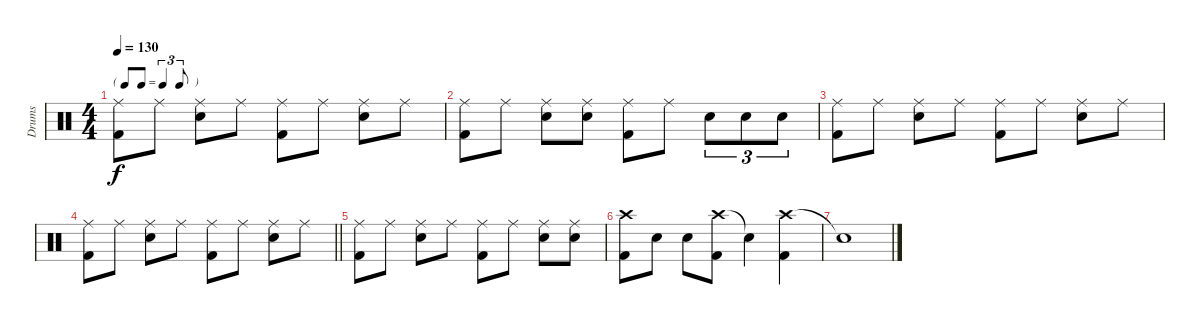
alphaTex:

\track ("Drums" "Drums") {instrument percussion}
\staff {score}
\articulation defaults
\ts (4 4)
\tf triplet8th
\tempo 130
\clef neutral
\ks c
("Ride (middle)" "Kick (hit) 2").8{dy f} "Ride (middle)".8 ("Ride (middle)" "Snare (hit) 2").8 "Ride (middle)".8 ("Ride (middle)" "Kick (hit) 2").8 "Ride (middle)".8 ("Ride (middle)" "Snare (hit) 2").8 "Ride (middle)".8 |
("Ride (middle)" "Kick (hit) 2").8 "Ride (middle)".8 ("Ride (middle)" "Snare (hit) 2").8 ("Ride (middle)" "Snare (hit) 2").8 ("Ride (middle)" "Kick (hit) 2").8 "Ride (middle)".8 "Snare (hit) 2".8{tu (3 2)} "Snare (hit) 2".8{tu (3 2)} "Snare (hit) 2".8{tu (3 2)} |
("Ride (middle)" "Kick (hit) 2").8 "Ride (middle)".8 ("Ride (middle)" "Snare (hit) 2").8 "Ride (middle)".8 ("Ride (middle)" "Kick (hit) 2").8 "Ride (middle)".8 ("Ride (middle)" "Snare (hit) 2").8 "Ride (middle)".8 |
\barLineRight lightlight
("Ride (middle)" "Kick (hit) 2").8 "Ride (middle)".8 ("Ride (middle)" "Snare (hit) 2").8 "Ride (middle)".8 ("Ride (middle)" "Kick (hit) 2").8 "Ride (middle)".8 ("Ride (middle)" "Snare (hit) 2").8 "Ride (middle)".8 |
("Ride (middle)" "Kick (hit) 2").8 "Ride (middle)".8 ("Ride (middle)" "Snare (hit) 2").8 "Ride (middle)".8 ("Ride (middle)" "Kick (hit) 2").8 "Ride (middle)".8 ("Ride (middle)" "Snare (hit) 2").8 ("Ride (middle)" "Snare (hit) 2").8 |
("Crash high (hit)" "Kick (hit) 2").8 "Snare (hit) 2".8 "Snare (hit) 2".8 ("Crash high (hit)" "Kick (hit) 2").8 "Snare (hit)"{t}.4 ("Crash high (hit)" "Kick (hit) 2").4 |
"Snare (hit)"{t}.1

------------------------------

» **What you will do**: From the records above, count the lines in which the string "Kick" is found, and answer with the number alone.

» **Output for this exercise**: 6